Learning from negative feedback, or positive feedback or both
Abbas Abdolmaleki, Bilal Piot, Bobak Shahriari, Jost Tobias Springenberg, Tim Hertweck, Rishabh Joshi, Junhyuk Oh, Michael Bloesch, Thomas Lampe, Nicolas Heess, Jonas Buchli, Martin Riedmiller
TL;DR
This work addresses learning from preference data when only unpaired positive or negative feedback is available, by decoupling learning from the two feedback types within an EM-inspired RL-as-inference framework. The proposed PMPO algorithm extends traditional EM-based policy optimization to explicitly incorporate negative outcomes through dis-preferences, using a KL regularization term to stay close to a reference policy. The approach supports learning from solely positive, solely negative, or both types of feedback and is demonstrated across bandit benchmarks, continuous-control tasks, offline RL, and language alignment, often matching or surpassing strong baselines. This flexible, data-efficient framework reduces annotation requirements and enables robust policy improvement in settings with partial or unpaired feedback, with practical implications for LLM alignment and safety-sensitive control tasks.
Abstract
Existing preference optimization methods often assume scenarios where paired preference feedback (preferred/positive vs. dis-preferred/negative examples) is available. This requirement limits their applicability in scenarios where only unpaired feedback--for example, either positive or negative--is available. To address this, we introduce a novel approach that decouples learning from positive and negative feedback. This decoupling enables control over the influence of each feedback type and, importantly, allows learning even when only one feedback type is present. A key contribution is demonstrating stable learning from negative feedback alone, a capability not well-addressed by current methods. Our approach builds upon the probabilistic framework introduced in (Dayan and Hinton, 1997), which uses expectation-maximization (EM) to directly optimize the probability of positive outcomes (as opposed to classic expected reward maximization).
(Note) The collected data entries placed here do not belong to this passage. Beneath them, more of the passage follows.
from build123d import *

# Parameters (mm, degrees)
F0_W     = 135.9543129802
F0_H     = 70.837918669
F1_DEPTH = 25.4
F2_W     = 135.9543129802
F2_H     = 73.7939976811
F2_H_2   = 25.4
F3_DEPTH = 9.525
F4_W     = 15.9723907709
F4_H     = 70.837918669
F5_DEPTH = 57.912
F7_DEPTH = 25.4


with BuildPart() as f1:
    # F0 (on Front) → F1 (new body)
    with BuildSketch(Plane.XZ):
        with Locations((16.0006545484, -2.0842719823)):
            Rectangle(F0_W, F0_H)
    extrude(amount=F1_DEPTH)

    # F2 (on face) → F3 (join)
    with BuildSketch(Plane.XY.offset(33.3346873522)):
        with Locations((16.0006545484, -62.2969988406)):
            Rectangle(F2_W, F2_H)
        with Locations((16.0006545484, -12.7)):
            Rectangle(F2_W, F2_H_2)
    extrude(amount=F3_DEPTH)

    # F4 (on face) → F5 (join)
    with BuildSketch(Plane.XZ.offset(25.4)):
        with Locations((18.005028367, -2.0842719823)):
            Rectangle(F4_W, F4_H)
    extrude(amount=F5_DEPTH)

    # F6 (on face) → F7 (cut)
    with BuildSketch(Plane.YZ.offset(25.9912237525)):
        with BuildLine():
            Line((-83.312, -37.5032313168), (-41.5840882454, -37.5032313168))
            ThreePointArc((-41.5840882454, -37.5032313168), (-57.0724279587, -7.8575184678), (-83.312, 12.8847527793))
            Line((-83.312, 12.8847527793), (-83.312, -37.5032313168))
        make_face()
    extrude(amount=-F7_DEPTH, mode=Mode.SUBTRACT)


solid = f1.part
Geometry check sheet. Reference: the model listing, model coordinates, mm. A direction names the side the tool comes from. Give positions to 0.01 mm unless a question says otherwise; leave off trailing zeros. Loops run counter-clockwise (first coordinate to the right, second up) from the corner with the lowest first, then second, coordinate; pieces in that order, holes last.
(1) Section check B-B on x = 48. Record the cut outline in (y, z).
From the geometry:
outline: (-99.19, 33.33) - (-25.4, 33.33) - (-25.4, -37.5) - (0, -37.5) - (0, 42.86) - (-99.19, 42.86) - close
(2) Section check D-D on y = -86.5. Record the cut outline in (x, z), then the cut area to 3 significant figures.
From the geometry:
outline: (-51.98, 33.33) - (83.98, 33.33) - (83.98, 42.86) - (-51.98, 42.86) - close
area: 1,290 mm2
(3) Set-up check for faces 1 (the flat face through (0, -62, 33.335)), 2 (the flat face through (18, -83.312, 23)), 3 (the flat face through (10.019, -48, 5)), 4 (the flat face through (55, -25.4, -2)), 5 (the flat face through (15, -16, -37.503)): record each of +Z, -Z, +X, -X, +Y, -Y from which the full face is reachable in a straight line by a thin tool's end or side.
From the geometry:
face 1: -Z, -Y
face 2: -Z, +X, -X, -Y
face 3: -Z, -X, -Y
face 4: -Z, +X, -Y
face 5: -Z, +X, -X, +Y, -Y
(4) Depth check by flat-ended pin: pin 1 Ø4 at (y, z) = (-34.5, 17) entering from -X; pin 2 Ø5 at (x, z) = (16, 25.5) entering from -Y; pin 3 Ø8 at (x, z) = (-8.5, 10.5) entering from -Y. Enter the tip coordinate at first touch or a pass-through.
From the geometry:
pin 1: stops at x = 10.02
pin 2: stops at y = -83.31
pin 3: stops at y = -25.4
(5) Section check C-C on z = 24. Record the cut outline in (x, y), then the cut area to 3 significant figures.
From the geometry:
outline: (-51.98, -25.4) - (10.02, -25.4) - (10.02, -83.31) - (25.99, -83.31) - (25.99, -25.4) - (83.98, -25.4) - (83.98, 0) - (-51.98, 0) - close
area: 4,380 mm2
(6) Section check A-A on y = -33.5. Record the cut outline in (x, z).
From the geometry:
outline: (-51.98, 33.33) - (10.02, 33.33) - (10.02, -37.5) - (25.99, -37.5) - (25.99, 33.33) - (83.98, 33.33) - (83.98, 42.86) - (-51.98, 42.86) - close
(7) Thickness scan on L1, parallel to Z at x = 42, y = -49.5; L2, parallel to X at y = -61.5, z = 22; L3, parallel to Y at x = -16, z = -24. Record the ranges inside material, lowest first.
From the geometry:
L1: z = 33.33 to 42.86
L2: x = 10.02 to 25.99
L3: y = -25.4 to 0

We address a key limitation in current EM-based methods: they solely maximize the likelihood of positive examples, while neglecting negative ones. We show how to extend EM algorithms to explicitly incorporate negative examples, leading to a theoretically grounded algorithm that offers an intuitive and versatile way to learn from both positive and negative feedback. We evaluate our approach for training language models based on human feedback as well as training policies for sequential decision-making problems, where learned value functions are available.